WHAT IS BEING ASKED
With the pictures omitted, write out the entries that follow exactly as they stand.

Data entries
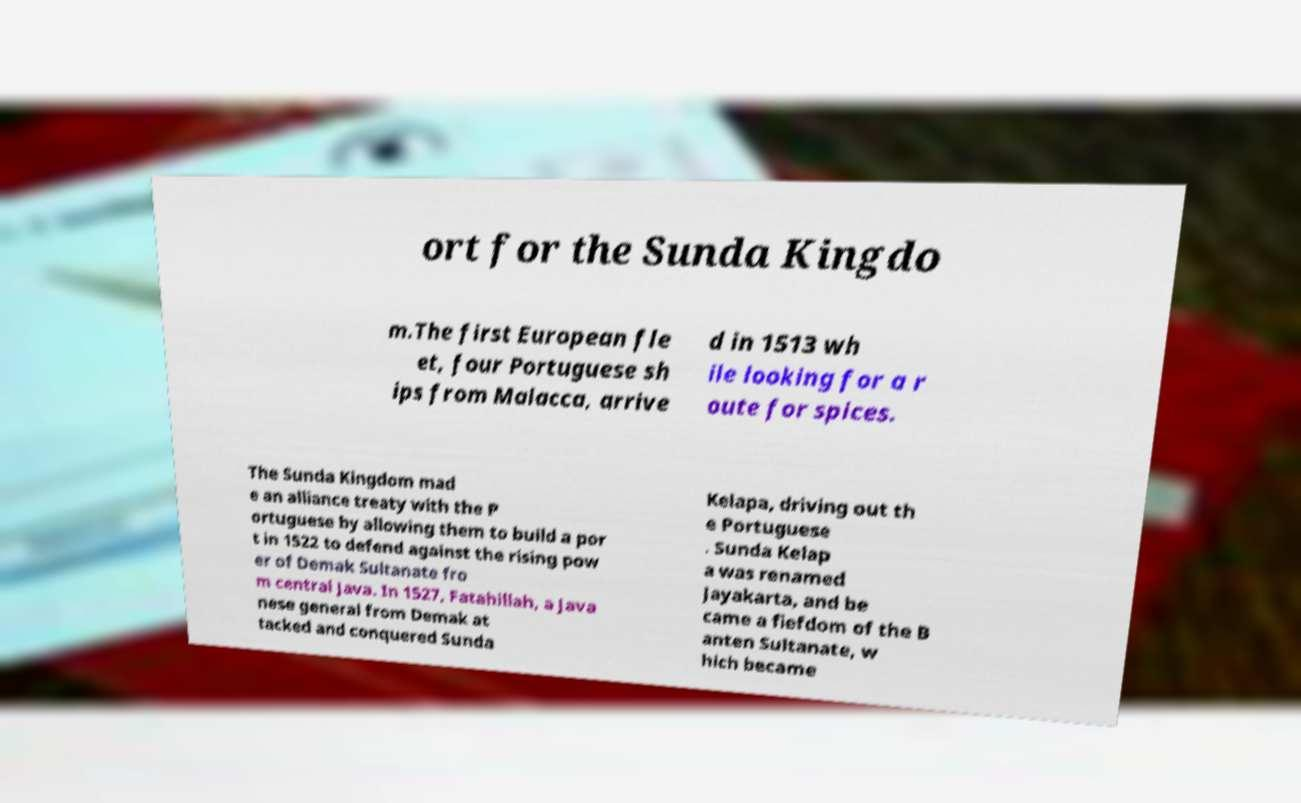For documentation purposes, I need the text within this image transcribed. Could you provide that? ort for the Sunda Kingdo m.The first European fle et, four Portuguese sh ips from Malacca, arrive d in 1513 wh ile looking for a r oute for spices. The Sunda Kingdom mad e an alliance treaty with the P ortuguese by allowing them to build a por t in 1522 to defend against the rising pow er of Demak Sultanate fro m central Java. In 1527, Fatahillah, a Java nese general from Demak at tacked and conquered Sunda Kelapa, driving out th e Portuguese . Sunda Kelap a was renamed Jayakarta, and be came a fiefdom of the B anten Sultanate, w hich became 
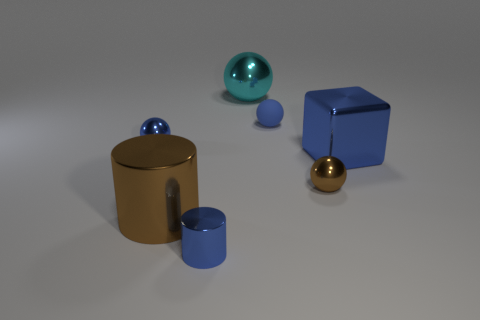Subtract 1 balls. How many balls are left? 3 Add 2 tiny blue things. How many objects exist? 9 Subtract all blocks. How many objects are left? 6 Subtract all cyan things. Subtract all red cubes. How many objects are left? 6 Add 7 cyan balls. How many cyan balls are left? 8 Add 6 cyan shiny things. How many cyan shiny things exist? 7 Subtract 0 yellow balls. How many objects are left? 7 
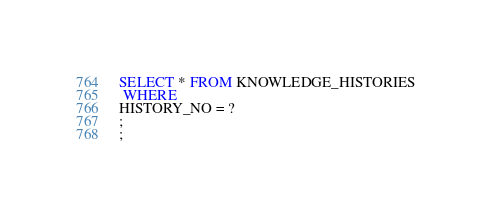Convert code to text. <code><loc_0><loc_0><loc_500><loc_500><_SQL_>SELECT * FROM KNOWLEDGE_HISTORIES
 WHERE 
HISTORY_NO = ?
;
;
</code> 
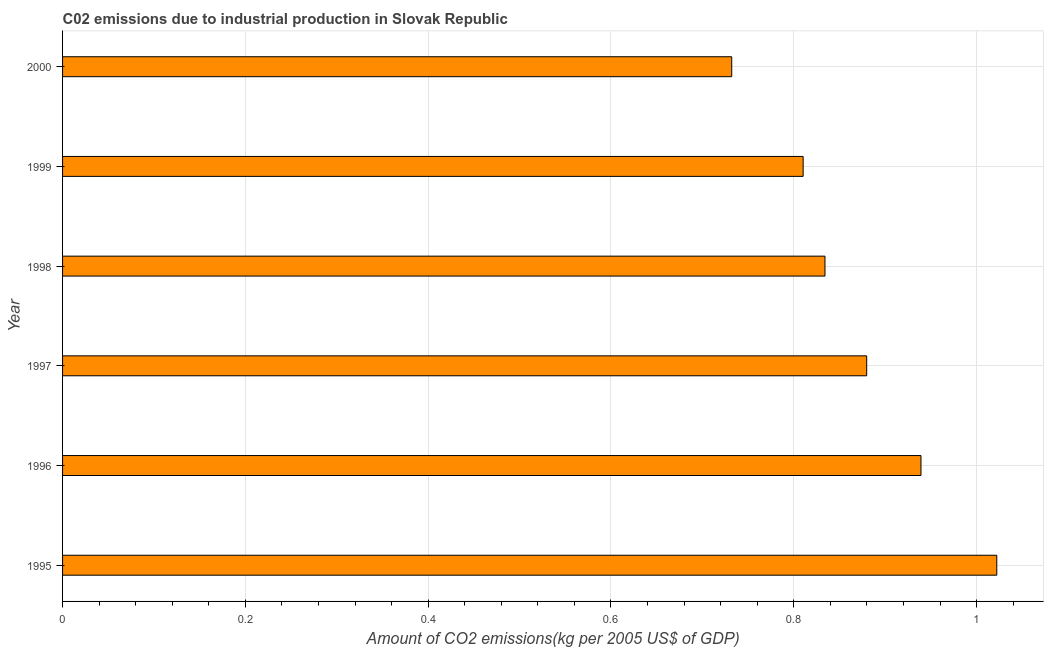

EXERCISE RESULT
For documentation purposes, I need the text within this image transcribed. Could you provide that? ort for the Sunda Kingdo m.The first European fle et, four Portuguese sh ips from Malacca, arrive d in 1513 wh ile looking for a r oute for spices. The Sunda Kingdom mad e an alliance treaty with the P ortuguese by allowing them to build a por t in 1522 to defend against the rising pow er of Demak Sultanate fro m central Java. In 1527, Fatahillah, a Java nese general from Demak at tacked and conquered Sunda Kelapa, driving out th e Portuguese . Sunda Kelap a was renamed Jayakarta, and be came a fiefdom of the B anten Sultanate, w hich became 
Subtract 1 balls. How many balls are left? 3 Add 2 tiny blue things. How many objects exist? 9 Subtract all blocks. How many objects are left? 6 Subtract all cyan things. Subtract all red cubes. How many objects are left? 6 Add 7 cyan balls. How many cyan balls are left? 8 Add 6 cyan shiny things. How many cyan shiny things exist? 7 Subtract 0 yellow balls. How many objects are left? 7 
Convert code to text. <code><loc_0><loc_0><loc_500><loc_500><_SQL_>SELECT * FROM KNOWLEDGE_HISTORIES
 WHERE 
HISTORY_NO = ?
;
;
</code> 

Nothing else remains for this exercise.